INSOLITE : un prophète révèle la date de la fin du monde et construit 8 grandes arches

Une scène pour le moins inhabituelle attire depuis plusieurs jours l’attention des habitants du village d’Akropong, dans la région orientale du Ghana, et fait grand bruit sur les réseaux sociaux.

Un homme, présenté comme prophète ou voyant par ses fidèles, affirme que le monde prendra fin le 25 décembre 2025, englouti par un « grand déluge ». Pour se préparer à ce cataclysme annoncé, il a entrepris la construction de huit arches en bois, à l’image de l’arche de Noé décrite dans les textes bibliques.

Un prophète très sûr de sa prédiction

L’homme en question, Ebo Noah, dit avoir reçu la révélation divine lors d’une vision nocturne. Selon ses propres déclarations, « un matin, avant la fin de l’année 2025, l’humanité sera frappée par un déluge sans précédent, et seuls ceux qui se trouveront dans ses arches survivront ».

Vêtu d’une tunique blanche lors de ses apparitions publiques, Ebo Noah réunit chaque jour un nombre croissant de curieux, de croyants mais aussi de sceptiques. Certains villageois affirment que cette prophétie circule déjà depuis plusieurs semaines sur WhatsApp et TikTok, alimentant inquiétudes et théories dans la région.

Huit arches en construction : un projet titanesque

Sur un vaste terrain situé en périphérie du village, les journalistes ont pu observer huit structures massives en bois, encore inachevées mais déjà imposantes. Selon les proches du prophète, chacune de ces arches serait capable d’accueillir « au moins une centaine de personnes ».

Ebo Noah supervise personnellement les travaux, auxquels participent une vingtaine de jeunes volontaires convaincus de la véracité de sa prophétie. « Quand l’eau viendra, vous comprendrez », déclare-t-il devant les caméras de plusieurs médias locaux.

Des images largement relayées sur les réseaux sociaux montrent le prophète travaillant nuit et jour, souvent à mains nues, martelant, clouant et dirigeant l’équipe avec une détermination sans faille.

Réactions partagées dans le village et au-delà

La prophétie d’Ebo Noah suscite un mélange de scepticisme, d’inquiétude et d’amusement dans l’opinion publique ghanéenne et africaine.

  • Pour certains habitants, l’homme est un « visionnaire » envoyé pour avertir le monde.
  • Pour d’autres, il s’agit d’un charlatan profitant de la crédulité de ses fidèles.
  • Quelques ONG locales évoquent même un risque de manipulation psychologique ou d’endangerment collectif, surtout si certaines familles vendent leurs biens pour financer les constructions.
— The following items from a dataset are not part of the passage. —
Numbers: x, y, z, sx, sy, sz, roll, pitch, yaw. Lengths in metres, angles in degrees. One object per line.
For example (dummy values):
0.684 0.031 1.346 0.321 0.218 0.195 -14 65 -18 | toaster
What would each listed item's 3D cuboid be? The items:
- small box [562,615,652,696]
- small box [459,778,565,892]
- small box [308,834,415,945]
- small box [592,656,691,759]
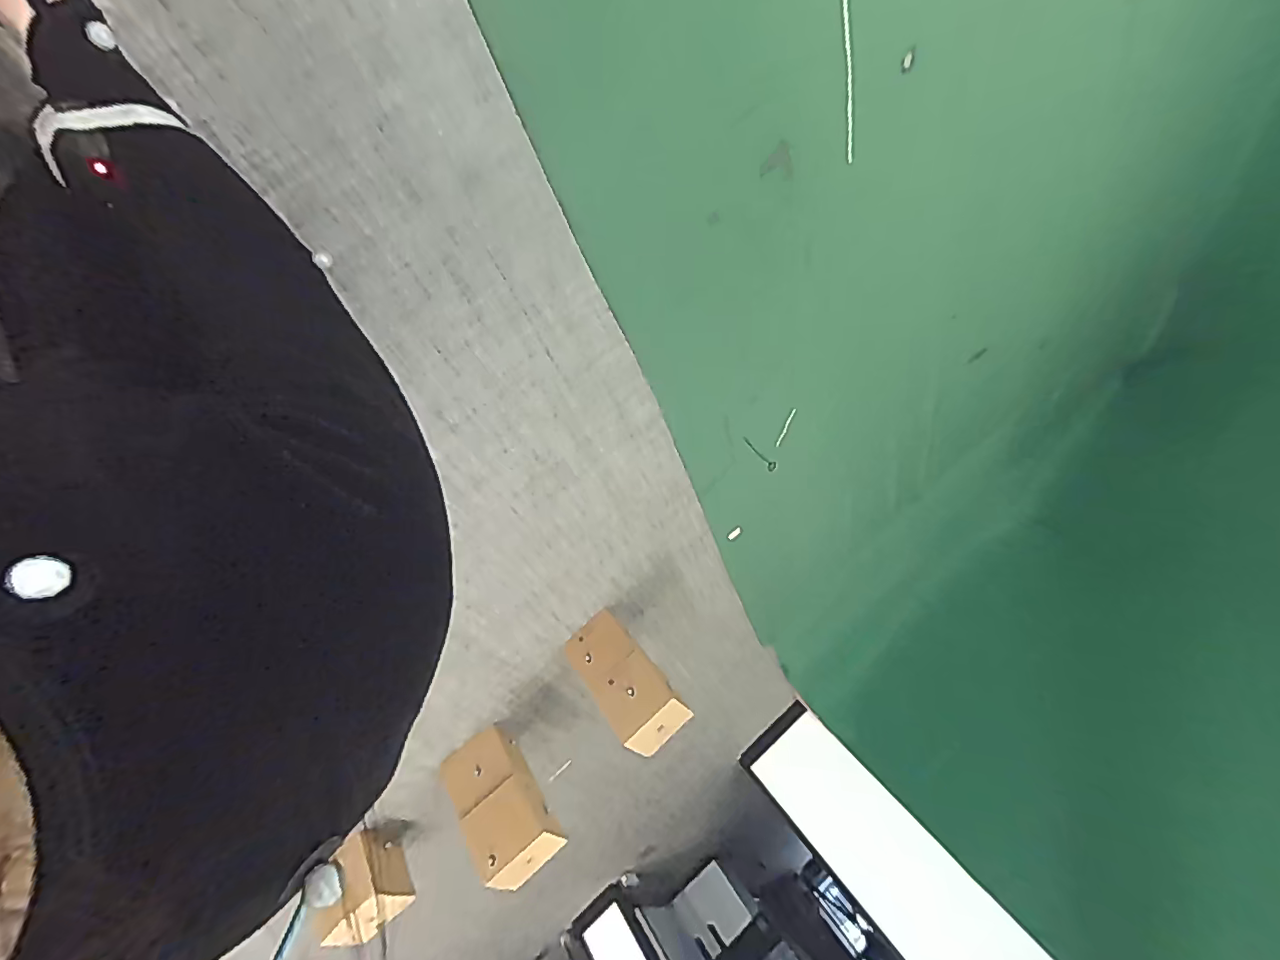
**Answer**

Des sources médiatiques ghanéennes rapportent aussi que des autorités locales auraient tenté de le convoquer, sans succès, afin de vérifier la légalité du chantier et d’évaluer les risques pour la population.

Les autorités religieuses se distancent

Les principales Églises du Ghana — catholique, pentecôtiste et évangélique — ont pris publiquement leurs distances. Plusieurs porte-paroles ont rappelé que la Bible elle-même affirme que personne ne connaît le jour ni l’heure de la fin du monde.

Un pasteur d’Accra cité par les radios locales estime que « ces déclarations sensationnalistes risquent de semer la panique inutilement ».

Entre phénomène social et buzz numérique

Comme souvent dans ce type d’affaire, les réseaux sociaux jouent un rôle central dans la propagation du phénomène. Sur TikTok, des vidéos de l’arche cumulative dépassent déjà plusieurs centaines de milliers de vues, tandis que des débats animés opposent croyants et sceptiques.

Certains internautes comparent Ebo Noah à d’autres figures ayant prédit la fin du monde par le passé — aucune ne s’étant réalisée — tandis que d’autres y voient un acte désespéré face aux crises climatiques qui frappent le monde.

Que penser de cette prophétie ?

Jusqu’à présent, aucune preuve scientifique ou météorologique ne permet d’étayer l’annonce d’un déluge global dans les prochains mois. Les experts interrogés rappellent que les prédictions apocalyptiques ressurgissent régulièrement dans différentes régions du monde, souvent dans des contextes de crise sociale, économique ou psychologique.

Si le phénomène intrigue, les observateurs appellent à la prudence, estimant qu’il pourrait évoluer vers un mouvement sectaire si les autorités ne surveillent pas son évolution.

Une histoire qui fascine et interroge

En attendant, à Akropong, la construction des huit arches se poursuit sans relâche. Pour Ebo Noah, il n’y a aucun doute : « Je fais ce que Dieu m’a ordonné. Ceux qui croient seront sauvés. »
Pour le reste du Ghana et du monde, cette affaire reste pour l’instant un mélange de curiosité, de controverse… et de mystère.